WORK ITEM:
The lines to copy run from the one containing "maker: bart van hove" to the end of the records below; repeat them exactly and include nothing else.

Stored dataset items:
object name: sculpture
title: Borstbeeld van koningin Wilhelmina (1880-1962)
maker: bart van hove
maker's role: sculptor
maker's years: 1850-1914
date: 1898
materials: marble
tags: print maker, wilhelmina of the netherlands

RESPONSE FOR THIS EXERCISE:
maker: bart van hove
maker's role: sculptor
maker's years: 1850-1914
date: 1898
materials: marble
tags: print maker, wilhelmina of the netherlands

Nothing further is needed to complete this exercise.